**EXERCISE**
Copy the listing that follows exactly. Its pictures do not belong in the copy.

**EXERCISE MATERIAL**
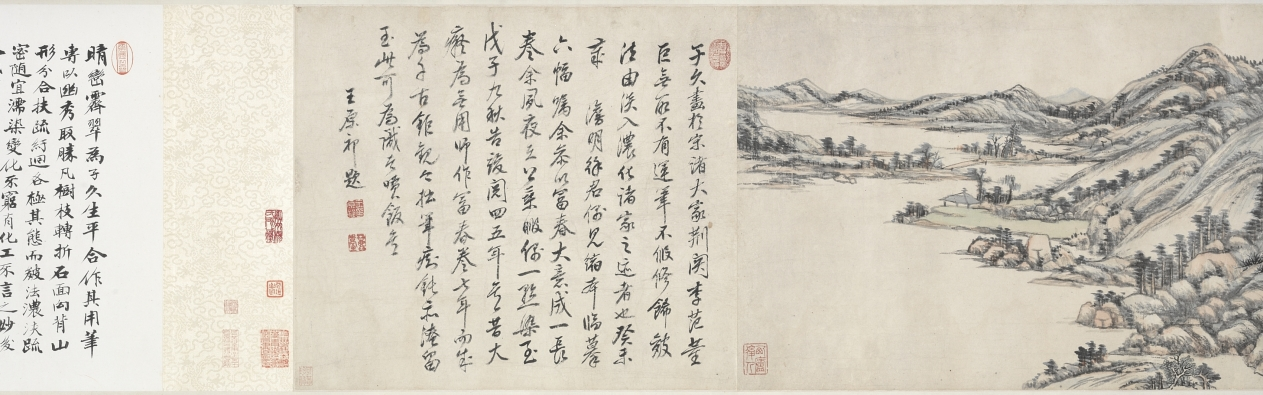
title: Green Peaks under Clear Sky: After Huang Gongwang
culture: China, Qing dynasty (1644-1911)
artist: Wang Yuanqi (Chinese, 1642–1715)
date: 1703–8
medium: handscroll; ink and light color on paper
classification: Painting
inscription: 晴巒霽翠：倣黃子久。麓臺。[印]石師道人
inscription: [印] 御書畫圖留與人看. 子久畫於宋諸大家荊、關、李、范、董、巨，無所不有。運筆不假修飾。皴法由淡入濃，化諸家之迹者也。澹明徐君偶見縮本，臨摹六幅。囑余參以富春大意，成一長卷。余夙夜在公，乘暇偶一點染。至戊子九秋告竣，閱四、五年矣。昔大癡為無用師作富春卷，七年而成，為千古鉅觀。今拙筆癡鈍。亦淹留至此。可為識者噴飯矣。王原祁題。[印]王原祁印; 麓臺 [印, 畫芯左下] 西廬後人
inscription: 3 additional colophons and 15 additional seals: 1 colophon and 9 seals of Yang Shicong 楊士驄 (b. 1870); 1 colophon of Wu Hufan 吳湖帆 (1894–1968); 1 colophon and 1 seal of Wu Mei (20th c.); 5 seals of Cheng Qi 程琦 (1911–1988).
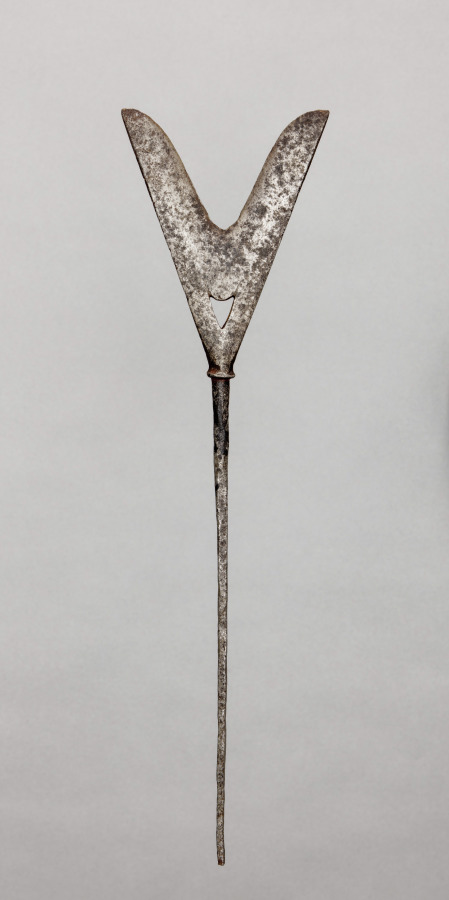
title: Arrow Head
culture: Japan, Edo period (1615–1868)
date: 1600s
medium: iron
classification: Arms and Armor
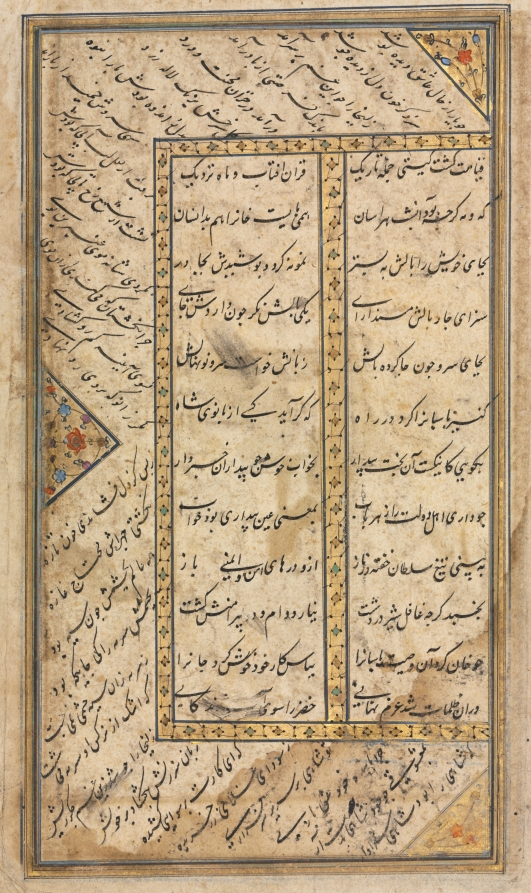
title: Persian verses from a Haft Awrang (Seven Thrones) of Jami (d. 1492) (recto)
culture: Iran, probably Shiraz, Safavid period (1501-1722)
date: mid-1500s
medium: opaque watercolor, ink, and gold on paper
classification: Manuscript
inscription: Script: Nasta'liq
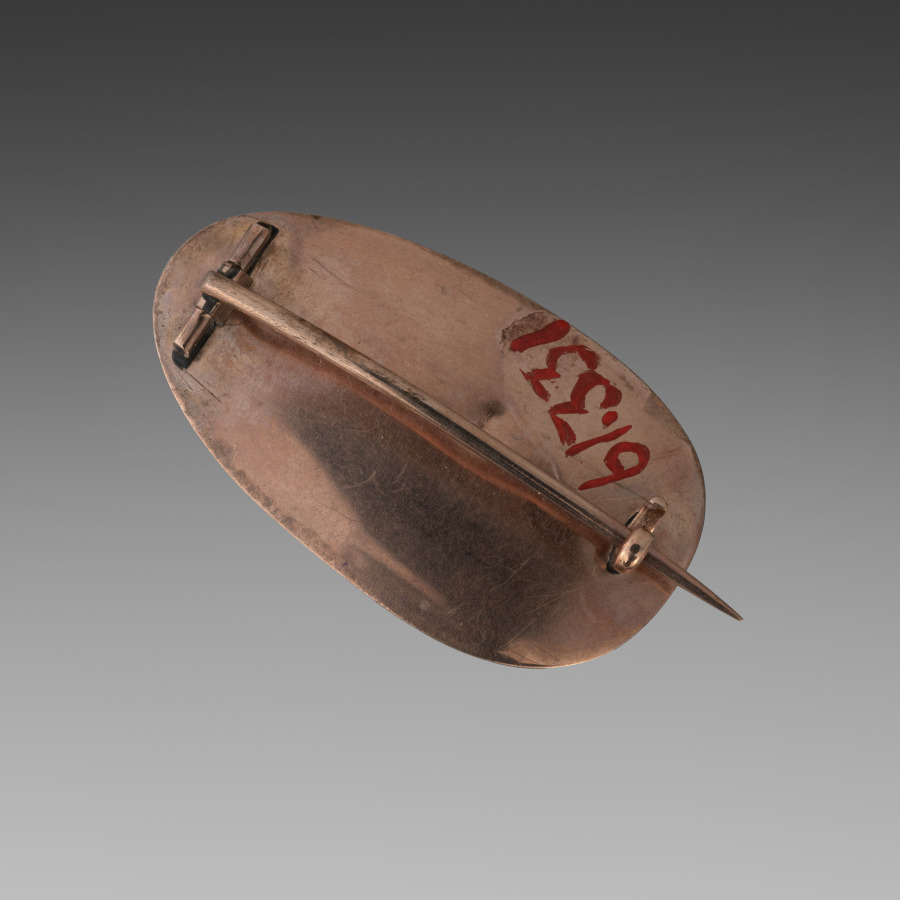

**YOUR SOLUTION**
title: Green Peaks under Clear Sky: After Huang Gongwang
culture: China, Qing dynasty (1644-1911)
artist: Wang Yuanqi (Chinese, 1642–1715)
date: 1703–8
medium: handscroll; ink and light color on paper
classification: Painting
inscription: 晴巒霽翠：倣黃子久。麓臺。[印]石師道人
inscription: [印] 御書畫圖留與人看. 子久畫於宋諸大家荊、關、李、范、董、巨，無所不有。運筆不假修飾。皴法由淡入濃，化諸家之迹者也。澹明徐君偶見縮本，臨摹六幅。囑余參以富春大意，成一長卷。余夙夜在公，乘暇偶一點染。至戊子九秋告竣，閱四、五年矣。昔大癡為無用師作富春卷，七年而成，為千古鉅觀。今拙筆癡鈍。亦淹留至此。可為識者噴飯矣。王原祁題。[印]王原祁印; 麓臺 [印, 畫芯左下] 西廬後人
inscription: 3 additional colophons and 15 additional seals: 1 colophon and 9 seals of Yang Shicong 楊士驄 (b. 1870); 1 colophon of Wu Hufan 吳湖帆 (1894–1968); 1 colophon and 1 seal of Wu Mei (20th c.); 5 seals of Cheng Qi 程琦 (1911–1988).
title: Arrow Head
culture: Japan, Edo period (1615–1868)
date: 1600s
medium: iron
classification: Arms and Armor
title: Persian verses from a Haft Awrang (Seven Thrones) of Jami (d. 1492) (recto)
culture: Iran, probably Shiraz, Safavid period (1501-1722)
date: mid-1500s
medium: opaque watercolor, ink, and gold on paper
classification: Manuscript
inscription: Script: Nasta'liq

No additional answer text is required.